Ohio has more than 600 school districts. What works in one might not work in another, she said. But House Bill 322 would cut into that academic freedom.
It wouldn't explicitly ban the 1619 Project, but it would ban any lesson claiming "the advent of slavery in the territory that is now the United States constituted the true founding of the United States."
And it would prohibit teaching slavery and racism as "anything other than deviations from true American values like 'liberty and equality.'"
A district could lose its funding if it taught in a way that made a student "feel discomfort, guilt, anguish, or any other form of psychological distress on account of the individual's race or sex."
House Bill 327, sponsored by Republican Reps. Diane Grendell and Sarah Fowler Arthur, goes a step further. It includes prohibitions for higher education and mandatory training for state employees on what the bill calls "divisive concepts."

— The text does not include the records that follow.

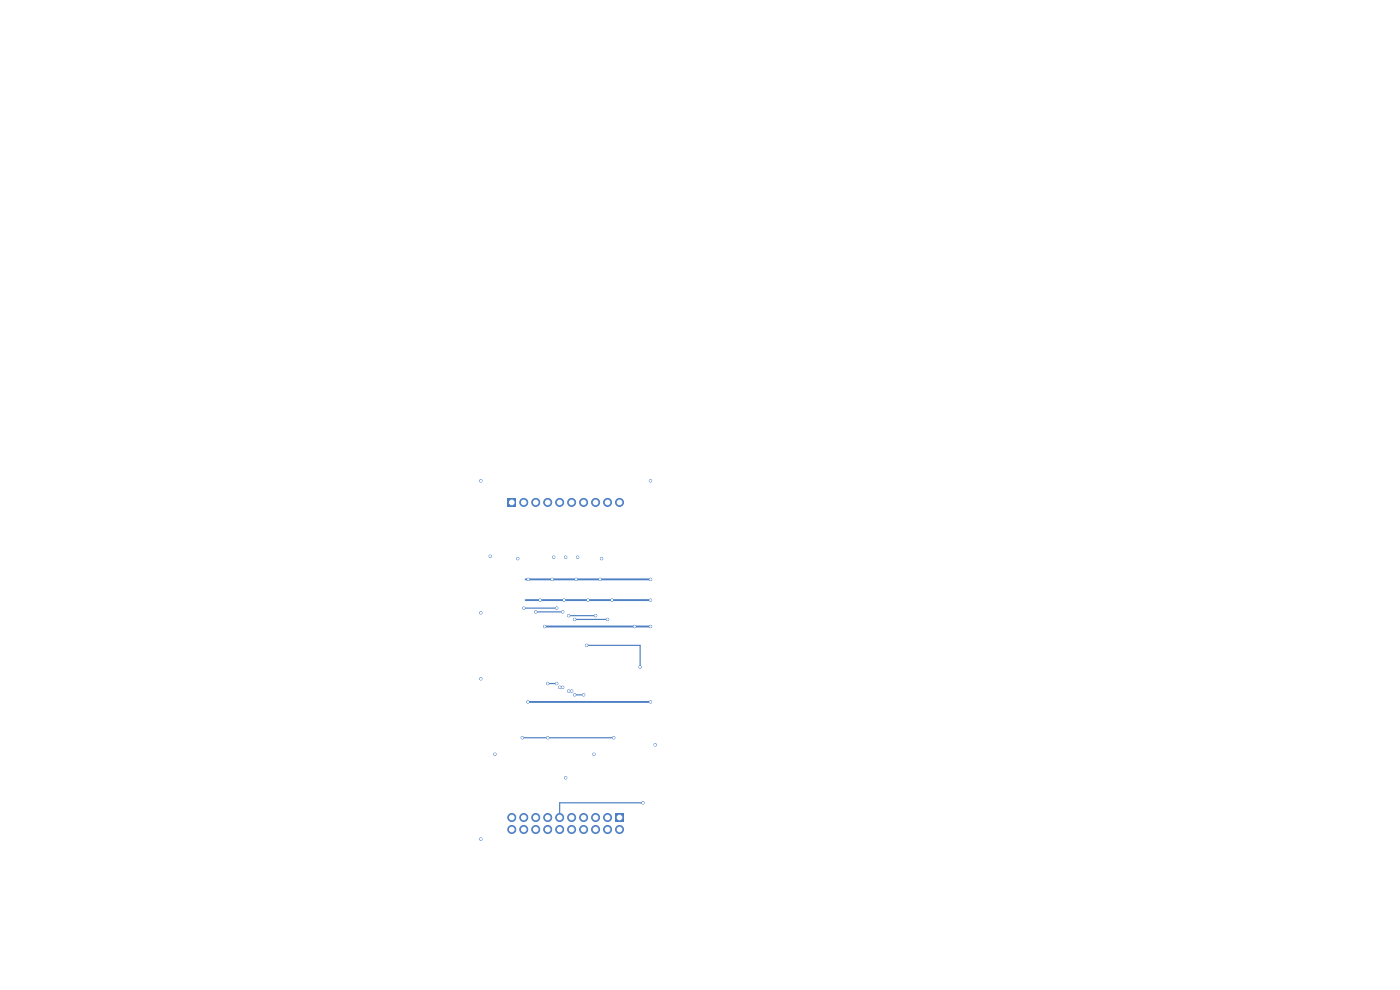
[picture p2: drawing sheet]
<svg xmlns="http://www.w3.org/2000/svg" width="297mm" height="210mm" viewBox="0 0 297 210" stroke-linecap="round" stroke-linejoin="round" font-family="sans-serif">
<path d="M130.6 172.6h1.7v1.7h-1.7z" fill="#4d7fc4"/>
<g fill="#4d7fc4" stroke="#4d7fc4" stroke-width=".21">
<circle cx="131.4" cy="176" r=".85"/>
<circle cx="128.9" cy="173.4" r=".85"/>
<circle cx="128.9" cy="176" r=".85"/>
<circle cx="126.3" cy="173.4" r=".85"/>
<circle cx="126.3" cy="176" r=".85"/>
<circle cx="123.8" cy="173.4" r=".85"/>
<circle cx="123.8" cy="176" r=".85"/>
<circle cx="121.3" cy="173.4" r=".85"/>
<circle cx="121.3" cy="176" r=".85"/>
<circle cx="118.7" cy="173.4" r=".85"/>
<circle cx="118.7" cy="176" r=".85"/>
<circle cx="116.2" cy="173.4" r=".85"/>
<circle cx="116.2" cy="176" r=".85"/>
<circle cx="113.6" cy="173.4" r=".85"/>
<circle cx="113.6" cy="176" r=".85"/>
<circle cx="111.1" cy="173.4" r=".85"/>
<circle cx="111.1" cy="176" r=".85"/>
<circle cx="108.6" cy="173.4" r=".85"/>
<circle cx="108.6" cy="176" r=".85"/>
</g>
<path d="M107.7 105.7h1.7v1.7h-1.7z" fill="#4d7fc4"/>
<g fill="#4d7fc4" stroke="#4d7fc4" stroke-width=".21">
<circle cx="111.1" cy="106.6" r=".85"/>
<circle cx="113.6" cy="106.6" r=".85"/>
<circle cx="116.2" cy="106.6" r=".85"/>
<circle cx="118.7" cy="106.6" r=".85"/>
<circle cx="121.3" cy="106.6" r=".85"/>
<circle cx="123.8" cy="106.6" r=".85"/>
<circle cx="126.3" cy="106.6" r=".85"/>
<circle cx="128.9" cy="106.6" r=".85"/>
<circle cx="131.4" cy="106.6" r=".85"/>
<circle cx="111.1" cy="129" r=".25"/>
<circle cx="118.1" cy="129" r=".25"/>
<circle cx="113.7" cy="129.8" r=".25"/>
<circle cx="119.4" cy="129.8" r=".25"/>
<circle cx="116.2" cy="145" r=".25"/>
<circle cx="118.1" cy="145" r=".25"/>
<circle cx="118.7" cy="145.8" r=".25"/>
<circle cx="119.4" cy="145.8" r=".25"/>
<circle cx="121.3" cy="146.6" r=".25"/>
<circle cx="120.6" cy="146.6" r=".25"/>
<circle cx="123.8" cy="147.4" r=".25"/>
<circle cx="121.9" cy="147.4" r=".25"/>
<circle cx="126.3" cy="130.6" r=".25"/>
<circle cx="120.6" cy="130.6" r=".25"/>
<circle cx="128.9" cy="131.4" r=".25"/>
<circle cx="121.9" cy="131.4" r=".25"/>
<circle cx="112.1" cy="122.9" r=".25"/>
<circle cx="114.6" cy="127.3" r=".25"/>
<circle cx="117.1" cy="122.9" r=".25"/>
<circle cx="119.7" cy="127.3" r=".25"/>
<circle cx="122.2" cy="122.9" r=".25"/>
<circle cx="124.8" cy="127.3" r=".25"/>
<circle cx="127.3" cy="122.9" r=".25"/>
<circle cx="129.8" cy="127.3" r=".25"/>
<circle cx="138" cy="122.9" r=".25"/>
<circle cx="138" cy="127.3" r=".25"/>
<circle cx="138" cy="132.9" r=".25"/>
<circle cx="138" cy="148.9" r=".25"/>
<circle cx="115.6" cy="132.9" r=".25"/>
<circle cx="134.6" cy="132.9" r=".25"/>
<circle cx="112" cy="148.9" r=".25"/>
<circle cx="116.2" cy="156.5" r=".25"/>
<circle cx="110.8" cy="156.5" r=".25"/>
<circle cx="130.2" cy="156.5" r=".25"/>
<circle cx="124.4" cy="136.9" r=".25"/>
<circle cx="135.8" cy="141.5" r=".25"/>
<circle cx="136.4" cy="170.3" r=".25"/>
<circle cx="102" cy="102" r=".25"/>
<circle cx="138" cy="102" r=".25"/>
<circle cx="102" cy="178" r=".25"/>
<circle cx="105" cy="160" r=".25"/>
<circle cx="102" cy="130" r=".25"/>
<circle cx="126" cy="160" r=".25"/>
<circle cx="104" cy="118" r=".25"/>
<circle cx="120" cy="165" r=".25"/>
<circle cx="139" cy="158" r=".25"/>
<circle cx="102" cy="144" r=".25"/>
<circle cx="109.8" cy="118.5" r=".25"/>
<circle cx="127.6" cy="118.5" r=".25"/>
<circle cx="117.5" cy="118.2" r=".25"/>
<circle cx="120" cy="118.2" r=".25"/>
<circle cx="122.5" cy="118.2" r=".25"/>
</g>
<path d="M111.1 129h7M113.6 129.8h5.8M120.6 130.6h5.7M121.9 131.4h7M124.4 136.9h11.4v4.6M110.8 156.5h19.4M116.2 145h1.9M118.7 145.8h.7M120.6 146.6h.7M121.9 147.4h1.9M136.4 170.3h-17.7v3.1" fill="none" stroke="#4d7fc4" stroke-width=".25"/>
<path d="M111.5 122.9h26.5M111.5 127.3h26.5M115.6 132.9h22.4M112 148.9h26" fill="none" stroke="#4d7fc4" stroke-width=".4"/>
<g fill="#fff" stroke="#fff" stroke-width=".21">
<circle cx="111.1" cy="129" r=".15"/>
<circle cx="118.1" cy="129" r=".15"/>
<circle cx="113.6" cy="129.8" r=".15"/>
<circle cx="119.4" cy="129.8" r=".15"/>
<circle cx="116.2" cy="145" r=".15"/>
<circle cx="118.1" cy="145" r=".15"/>
<circle cx="118.7" cy="145.8" r=".15"/>
<circle cx="119.4" cy="145.8" r=".15"/>
<circle cx="121.3" cy="146.6" r=".15"/>
<circle cx="120.6" cy="146.6" r=".15"/>
<circle cx="123.8" cy="147.4" r=".15"/>
<circle cx="121.9" cy="147.4" r=".15"/>
<circle cx="126.3" cy="130.6" r=".15"/>
<circle cx="120.6" cy="130.6" r=".15"/>
<circle cx="128.9" cy="131.4" r=".15"/>
<circle cx="121.9" cy="131.4" r=".15"/>
<circle cx="112.1" cy="122.9" r=".15"/>
<circle cx="114.6" cy="127.3" r=".15"/>
<circle cx="117.1" cy="122.9" r=".15"/>
<circle cx="119.7" cy="127.3" r=".15"/>
<circle cx="122.2" cy="122.9" r=".15"/>
<circle cx="124.8" cy="127.3" r=".15"/>
<circle cx="127.3" cy="122.9" r=".15"/>
<circle cx="129.8" cy="127.3" r=".15"/>
<circle cx="138" cy="122.9" r=".15"/>
<circle cx="138" cy="127.3" r=".15"/>
<circle cx="138" cy="132.9" r=".15"/>
<circle cx="138" cy="148.9" r=".15"/>
<circle cx="115.6" cy="132.9" r=".15"/>
<circle cx="134.6" cy="132.9" r=".15"/>
<circle cx="112" cy="148.9" r=".15"/>
<circle cx="116.2" cy="156.5" r=".15"/>
<circle cx="110.8" cy="156.5" r=".15"/>
<circle cx="130.2" cy="156.5" r=".15"/>
<circle cx="124.4" cy="136.9" r=".15"/>
<circle cx="135.8" cy="141.5" r=".15"/>
<circle cx="136.4" cy="170.3" r=".15"/>
<circle cx="102" cy="102" r=".15"/>
<circle cx="138" cy="102" r=".15"/>
<circle cx="102" cy="178" r=".15"/>
<circle cx="105" cy="160" r=".15"/>
<circle cx="102" cy="130" r=".15"/>
<circle cx="126" cy="160" r=".15"/>
<circle cx="104" cy="118" r=".15"/>
<circle cx="120" cy="165" r=".15"/>
<circle cx="139" cy="158" r=".15"/>
<circle cx="102" cy="144" r=".15"/>
<circle cx="109.8" cy="118.5" r=".15"/>
<circle cx="127.6" cy="118.5" r=".15"/>
<circle cx="117.5" cy="118.2" r=".15"/>
<circle cx="120" cy="118.2" r=".15"/>
<circle cx="122.5" cy="118.2" r=".15"/>
<circle cx="131.4" cy="173.4" r=".5"/>
<circle cx="131.4" cy="176" r=".5"/>
<circle cx="128.9" cy="173.4" r=".5"/>
<circle cx="128.9" cy="176" r=".5"/>
<circle cx="126.3" cy="173.4" r=".5"/>
<circle cx="126.3" cy="176" r=".5"/>
<circle cx="123.8" cy="173.4" r=".5"/>
<circle cx="123.8" cy="176" r=".5"/>
<circle cx="121.3" cy="173.4" r=".5"/>
<circle cx="121.3" cy="176" r=".5"/>
<circle cx="118.7" cy="173.4" r=".5"/>
<circle cx="118.7" cy="176" r=".5"/>
<circle cx="116.2" cy="173.4" r=".5"/>
<circle cx="116.2" cy="176" r=".5"/>
<circle cx="113.6" cy="173.4" r=".5"/>
<circle cx="113.6" cy="176" r=".5"/>
<circle cx="111.1" cy="173.4" r=".5"/>
<circle cx="111.1" cy="176" r=".5"/>
<circle cx="108.6" cy="173.4" r=".5"/>
<circle cx="108.6" cy="176" r=".5"/>
<circle cx="108.6" cy="106.6" r=".5"/>
<circle cx="111.1" cy="106.6" r=".5"/>
<circle cx="113.6" cy="106.6" r=".5"/>
<circle cx="116.2" cy="106.6" r=".5"/>
<circle cx="118.7" cy="106.6" r=".5"/>
<circle cx="121.3" cy="106.6" r=".5"/>
<circle cx="123.8" cy="106.6" r=".5"/>
<circle cx="126.3" cy="106.6" r=".5"/>
<circle cx="128.9" cy="106.6" r=".5"/>
<circle cx="131.4" cy="106.6" r=".5"/>
</g>
</svg>

"When you are teaching something divisive, it's important to make sure that it is as well-rounded as possible," Fowler Arthur said.
Her bill doesn't ban the teaching of controversial issues. It simply requires them to be taught in an "an objective manner" that presents "a complete view of history." CRT, in her opinion, "teaches a narrative view of history."
Ohio lawmakers need to intervene here, Fowler Arthur said, to protect teachers and other state employees from being forced into accepting these ideas just to keep their jobs.
Both bills also attempt to ban federal intrusion on this topic. The federal government could "coerce" districts into choosing critical race theory curricula with federal funds, Fowler Arthur said, like they did with the Common Core standards.
“They incentivized it through a grant process directly to local school districts,” she said. “A majority of districts didn’t want to voluntarily participate, but everyone was eventually forced to comply.”